Alternatively, Johnson & Johnson argues that the indemnification provisions impose upon Debtors a separate and unqualified duty to defend Johnson & Johnson against State Court Talc Claims. (D.I. 81 at 18). Johnson & Johnson states "[t]his duty to defend accrues before any factual finding and, certainly before entry of any judgment," and "does not merely pertain to legal obligations that are statutory or regulatory," but "includes the common law, product liability law, as well as the statutory provisions under which plaintiffs bring claims against J&J." (Id. at 8, 16). Moreover, Johnson & Johnson contends that the duty is not contingent upon a finding that it has not engaged in or directed misconduct because the exclusionary clause is only directed to indemnification. (Id. at 16-17). Specifically, Petitioners claim that because the exclusionary clause states only that Debtor "shall not indemnify [Johnson & Johnson] for any such liabilities" the duty to defend is not so limited.

In support of its position, Petitioners analogize this case to In re Lower Bucks Hosp., in which a district court affirmed the exercise of "related to" jurisdiction over a duty to defend outlined in a contractual provision that stated the debtor would "indemnify and hold harmless" the non-debtor against "any and all claims" arising out of the transaction, except for "malfeasance or nonfeasance in office, bad faith, gross negligence, willful [sic] misconduct, fraud or deceit.". 488 B.R. at 314-16. In that case, however, the provision at issue also contained language explicitly stating "the [non-debtor] may direct [the debtor] to assume the defense of a claim and any action brought thereon and pay all reasonable expenses incurred therein." Id. The court found that "related-to" jurisdiction existed "because the filing of the class action against [non-debtor] had an immediate effect on [debtor's] bankruptcy estate when it triggered [non-debtor's] claim for defense costs against [debtor]." Id. at 312. Here, however, the provisions include no language authorizing Johnson & Johnson to direct Debtors to assume the defense of, or pay the costs of defending, a claim once filed.

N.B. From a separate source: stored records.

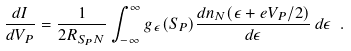<formula> <loc_0><loc_0><loc_500><loc_500>\frac { d I } { d V _ { P } } = \frac { 1 } { 2 R _ { S _ { P } N } } \int _ { - \infty } ^ { \infty } g _ { \epsilon } ( S _ { P } ) \frac { d n _ { N } ( \epsilon + e V _ { P } / 2 ) } { d \epsilon } \, d \epsilon \ .</formula> 
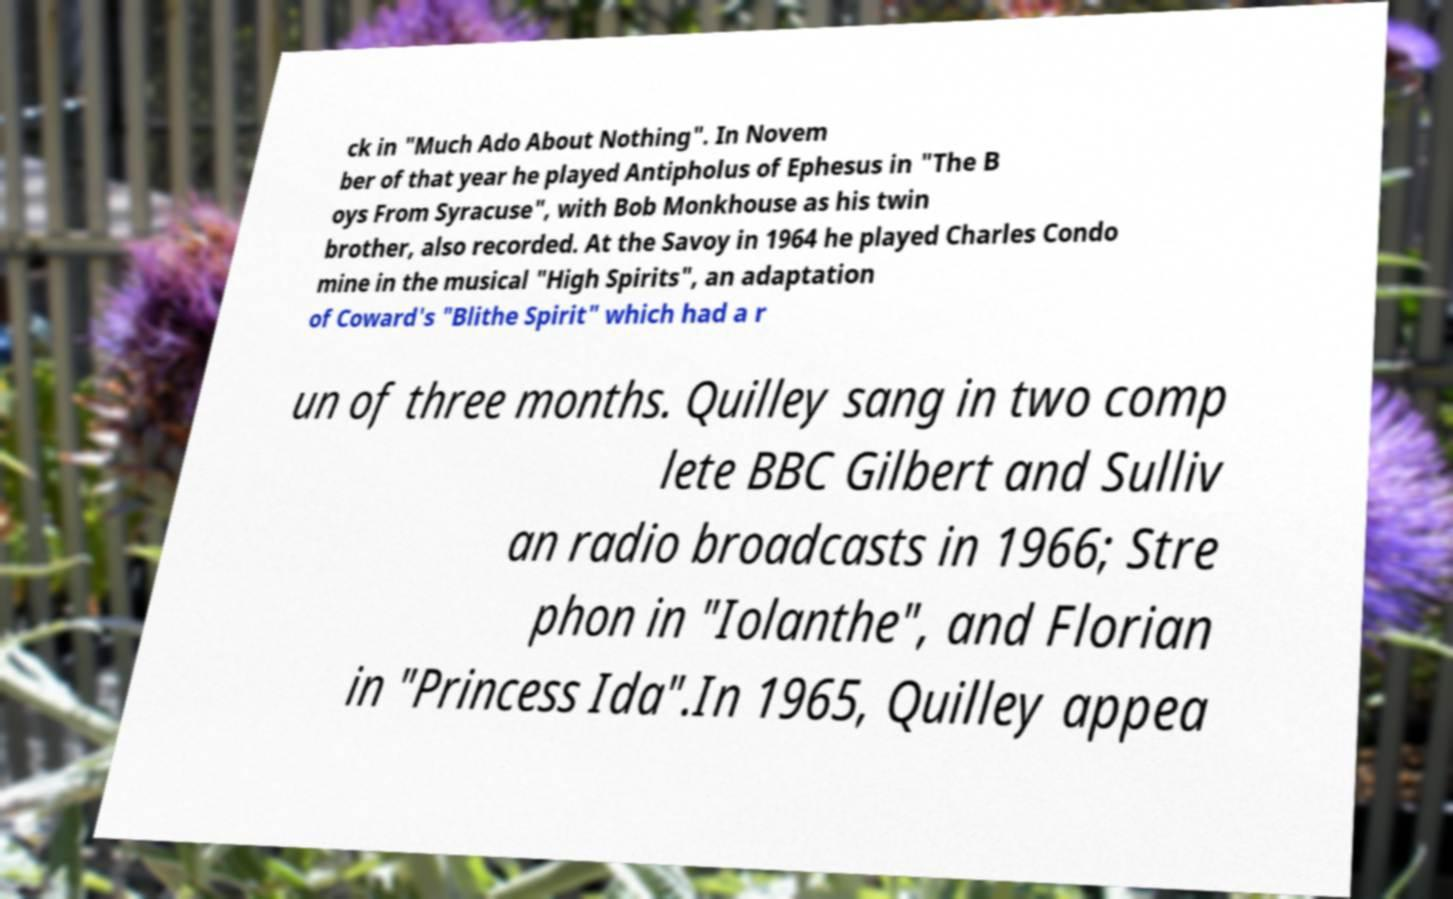Please identify and transcribe the text found in this image. ck in "Much Ado About Nothing". In Novem ber of that year he played Antipholus of Ephesus in "The B oys From Syracuse", with Bob Monkhouse as his twin brother, also recorded. At the Savoy in 1964 he played Charles Condo mine in the musical "High Spirits", an adaptation of Coward's "Blithe Spirit" which had a r un of three months. Quilley sang in two comp lete BBC Gilbert and Sulliv an radio broadcasts in 1966; Stre phon in "Iolanthe", and Florian in "Princess Ida".In 1965, Quilley appea 
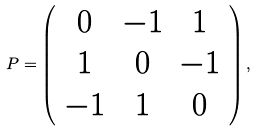<formula> <loc_0><loc_0><loc_500><loc_500>P = \left ( \begin{array} { c c c } 0 & - 1 & 1 \\ 1 & 0 & - 1 \\ - 1 & 1 & 0 \end{array} \right ) ,</formula> 
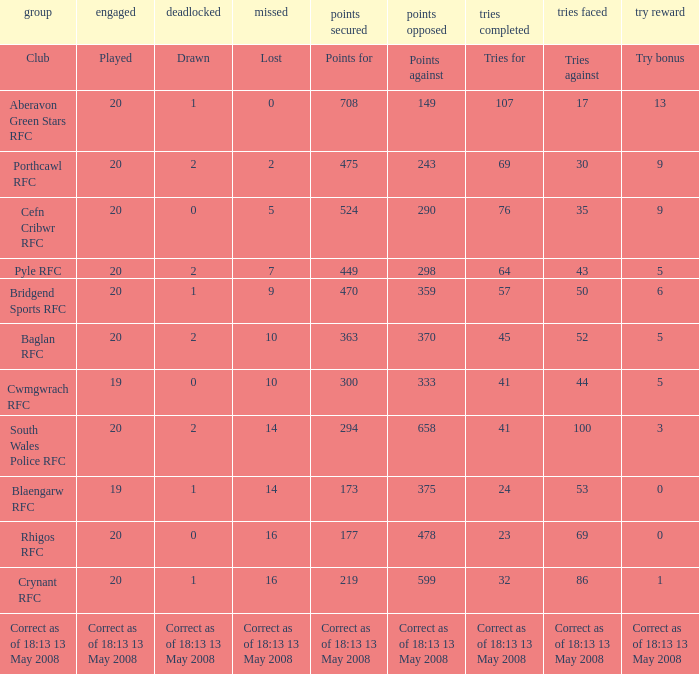What is the points when the try bonus is 1? 219.0. 
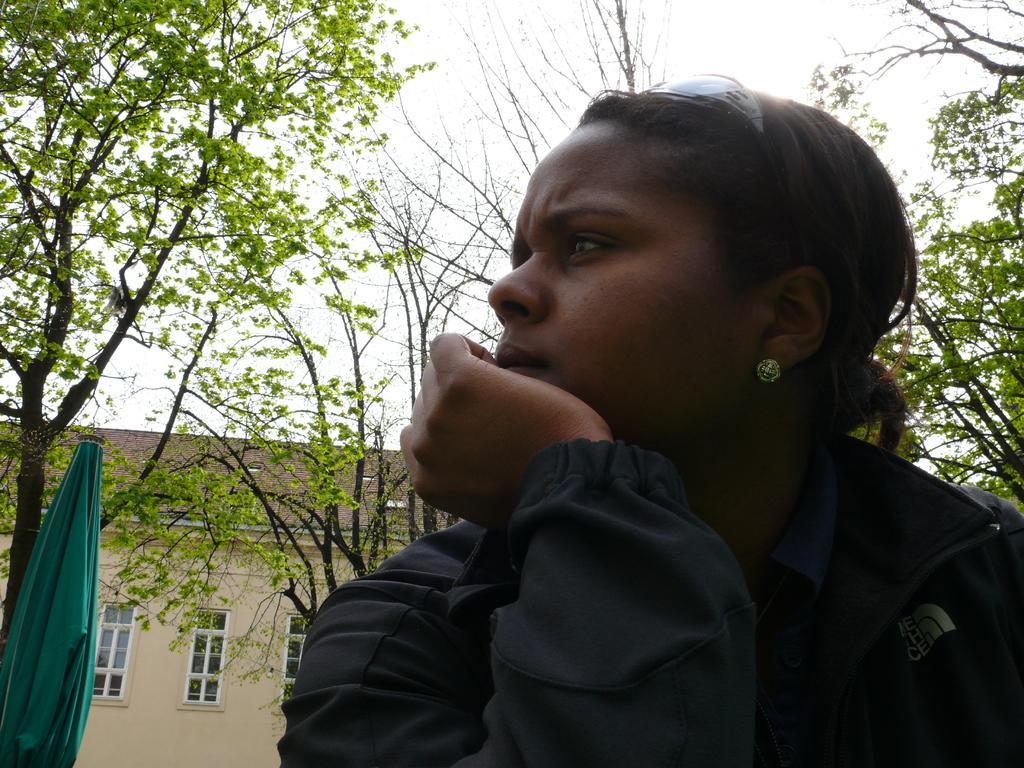Could you give a brief overview of what you see in this image? In this picture we can see a woman and in the background we can see a cloth, house, trees, sky. 
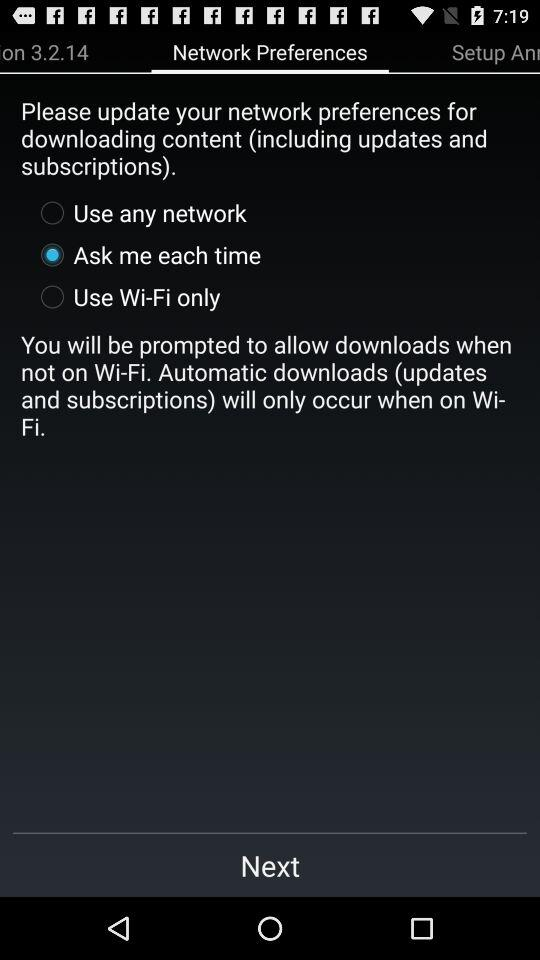Which option is selected for "Network Preferences"? The selected option is "Ask me each time". 
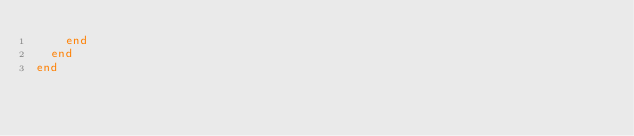<code> <loc_0><loc_0><loc_500><loc_500><_Ruby_>    end
  end
end
</code> 
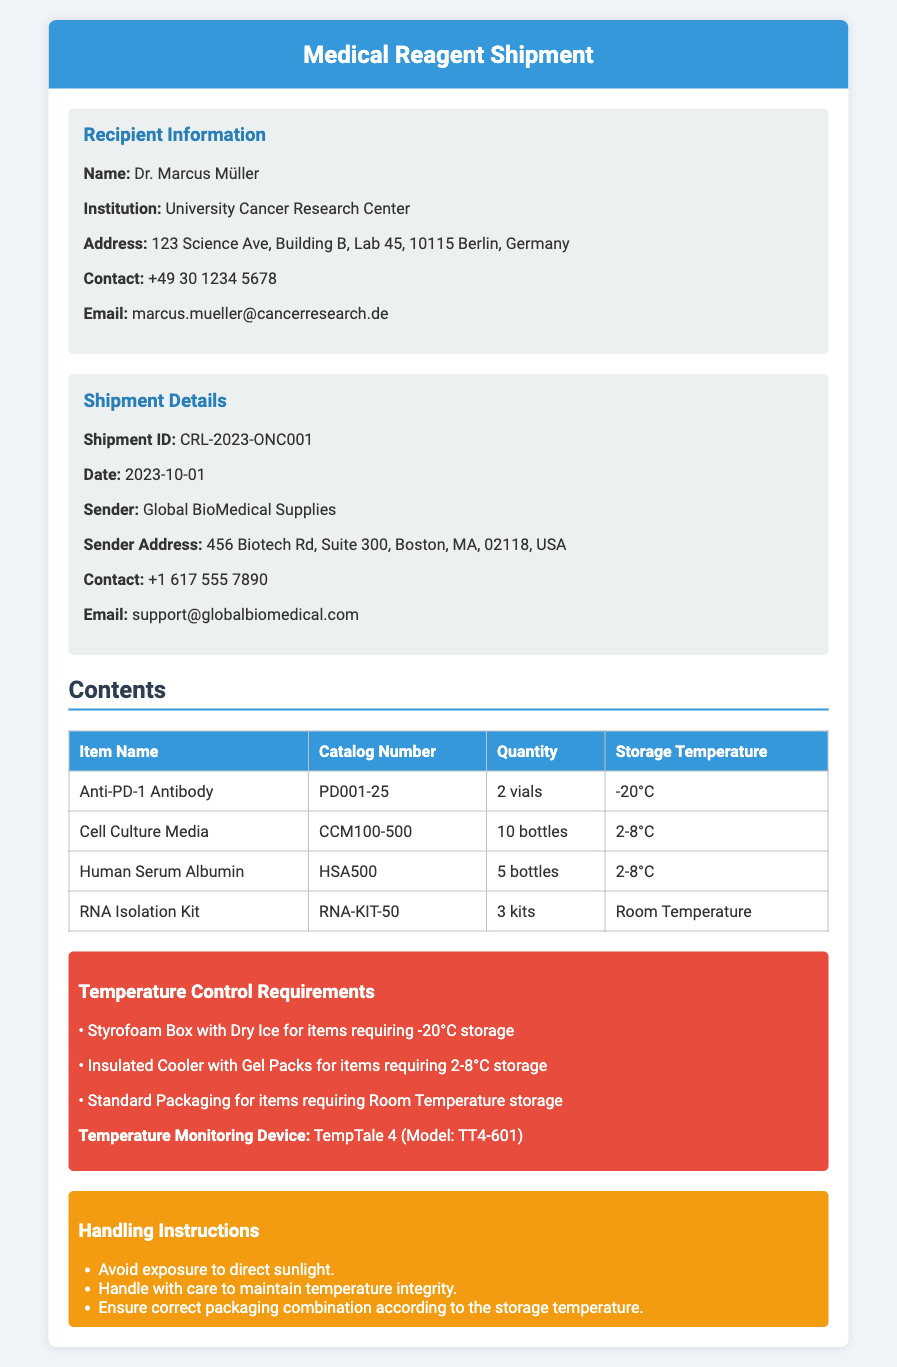Was ist die Sendungs-ID? Die Sendungs-ID ist eine eindeutige Kennung für die Lieferung und steht im Dokument unter den Versanddetails.
Answer: CRL-2023-ONC001 Wie viele Vials von Anti-PD-1 Antikörpern sind enthalten? Die Anzahl der Vials für Anti-PD-1 Antikörper ist in der Tabelle der Inhalte angegeben.
Answer: 2 vials Welche Temperatur sollte für die Lagerung von Zellkulturmedien beibehalten werden? Die Lagerungstemperatur für Zellkulturmedien ist in der Tabelle angegeben.
Answer: 2-8°C Wer ist der Empfänger dieser Lieferung? Der Empfänger ist die Person oder Institution, die die Lieferung erhält, wie im Abschnitt über Empfängerdaten angegeben.
Answer: Dr. Marcus Müller Welche Verpackung ist für Elemente mit einer Lagerungstemperatur von -20°C erforderlich? Die Verpackungsanforderung wird in den Temperaturkontrollanforderungen beschrieben, die im Dokument enthalten sind.
Answer: Styrofoam Box with Dry Ice Was ist das Modell des Temperaturüberwachungsgeräts? Das Modell des Temperaturüberwachungsgeräts wird im Abschnitt über Temperaturkontrollanforderungen erwähnt.
Answer: TT4-601 Nennen Sie einen Teil der Handhabungsanweisungen. Die Handhabungsanweisungen sind wichtige Hinweise, die im entsprechenden Abschnitt aufgeführt sind.
Answer: Avoid exposure to direct sunlight Wann wurde die Sendung verschickt? Das Versanddatum wird in den Versanddetails hervorgehoben.
Answer: 2023-10-01 Wie viele Flaschen von Humanserumalbumin sind enthalten? Die Anzahl der Flaschen von Humanserumalbumin ist in der Inhaltsübersicht angegeben.
Answer: 5 bottles

Instead, Petitioners ask the Court to infer that such an automatic obligation exists because the indemnification provisions include the word defend. Petitioners argue that the exclusionary language "describes the circumstances under which Debtors have no obligation to indemnify J&J, not . . . a condition precedent to Debtors; defense obligations" and thus "Debtors' duty to defend is not contingent upon a finding that J&J has not engaged in or directed misconduct." (D.I. 81 at 17). The Court disagrees. Johnson & Johnson cannot pick and choose which parts of the indemnity clause it seeks to enforce. While it is true that basic contract interpretation provides that when parties use different language in different parts of a contract the Court should interpret the parties as intending different meanings, it also remains true that the Court should not divorce contract language from its plain context and the intent of the parties.3 See Four Oaks Conservation Tr. v. Bianco, 892 A.2d 258, 259 (Vt. 2006) ("[T]he cardinal rule in construing contracts is the intent of the parties. [W]hen the language of the contract is clear on its face, we will assume that the intent of the parties is embedded in its terms." (internal citations and quotations omitted)); Serico v. Rothberg, 189 A.3d 343, 350 (N.J. 2018) ("It is well-settled that `[c]ourts enforce contracts "based on the intent of the parties, the express terms of the contract, surrounding circumstances and the underlying purpose of the contract.").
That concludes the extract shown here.